GSEA KEGG pathway analysis, as shown in Appendix Table 10, revealed significant pathway enrichment in SCAP (death) and SCAP (survivor) groups compared to mild CAP. Immune-related pathways, including complement activation and neutrophil extracellular trap formation, were enriched in both groups, underscoring the crucial role of immune activation in severe pneumonia. In the SCAP (death) group, pathways related to energy metabolism, such as oxidative phosphorylation and lysosome function, were significantly upregulated, indicating increased cellular energy demand and stress response. In contrast, the SCAP (survivor) group showed downregulation of immune-related pathways, such as T cell receptor signaling and FoxO signaling, pointing to the importance of immune suppression and metabolic regulation for survival. The upregulation of oxidative phosphorylation, protein synthesis, and immune regulation pathways in SCAP (death) links metabolic dysregulation and excessive immune activation to mortality.
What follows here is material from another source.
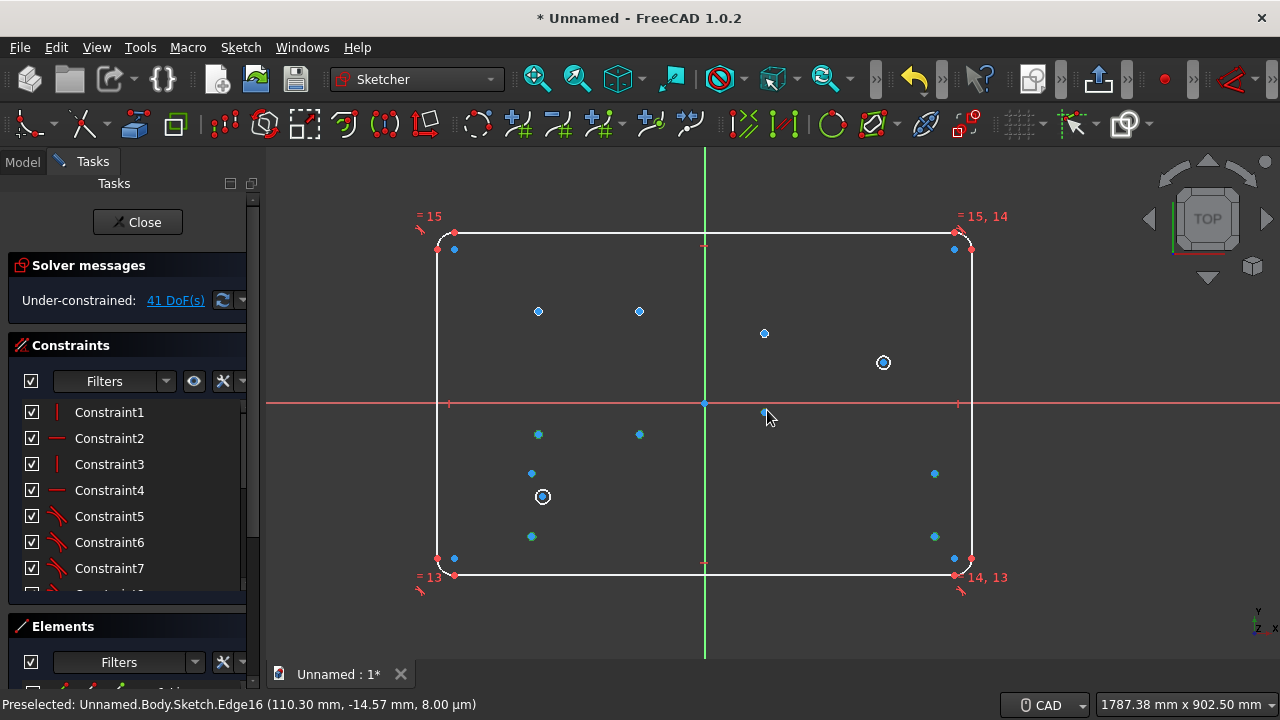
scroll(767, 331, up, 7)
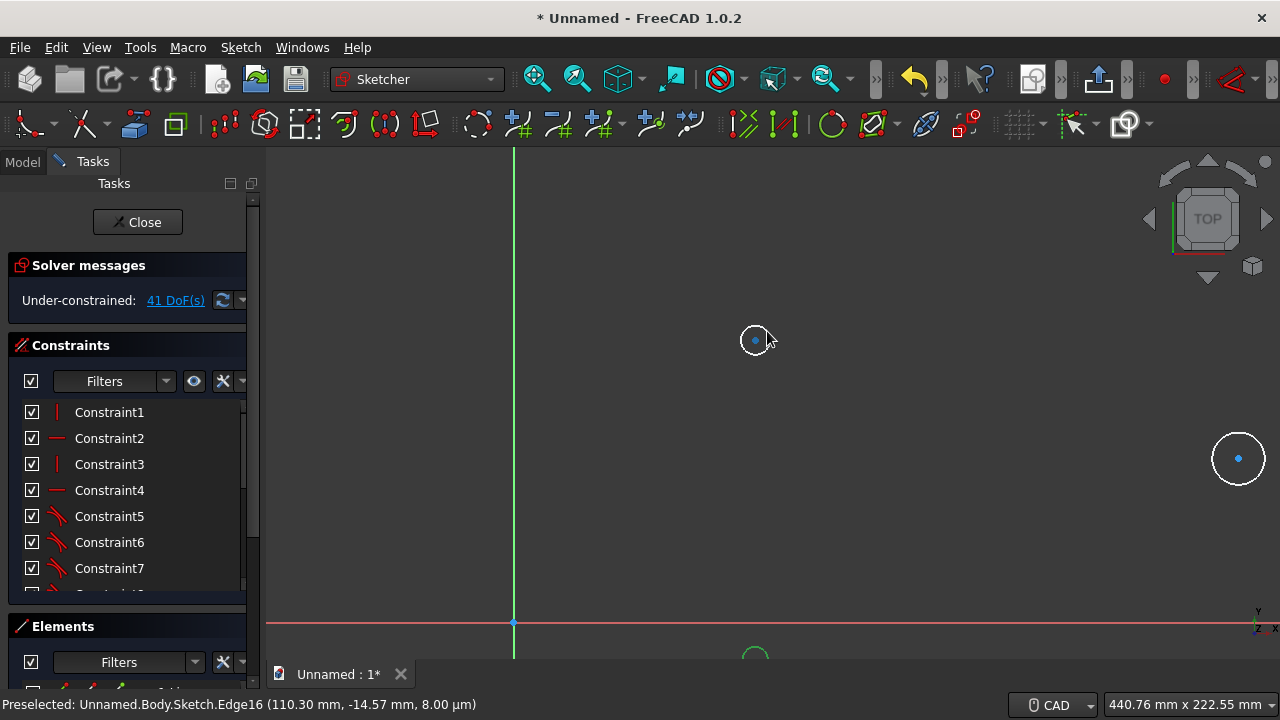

GSEA GO analysis of SCAP (death) vs. mild CAP revealed immune suppression and metabolic dysregulation as key features of severe pneumonia, including downregulation of T cell receptor signaling and T cell co-stimulation, and upregulation of proton-driven ATP synthesis, highlighting the role of immune decline and metabolic imbalance. The death group also showed significant upregulation in stress response pathways such as complement activation and protein folding, while downregulation of RNA transport and chromatin remodeling suggests immune and repair dysfunction as key factors in mortality. In SCAP (survivor) vs. mild CAP, the survivor group exhibited significant enrichment in acute phase response and cell cycle pathways, indicating the crucial role of immune regulation and cell repair for survival. Upregulation of low-density lipoprotein binding and carrier receptor activity supports energy supply for survival. Comparing SCAP (death) with SCAP (survivor), the death group showed significant upregulation of key pathways related to energy metabolism and immune response, such as proton-driven ATP synthesis, mitochondrial electron transport, and aerobic respiration, suggesting metabolic dysregulation as a direct cause of mortality. Excessive immune activation, particularly complement activation and telomere organization, points to immune overactivation accelerating death.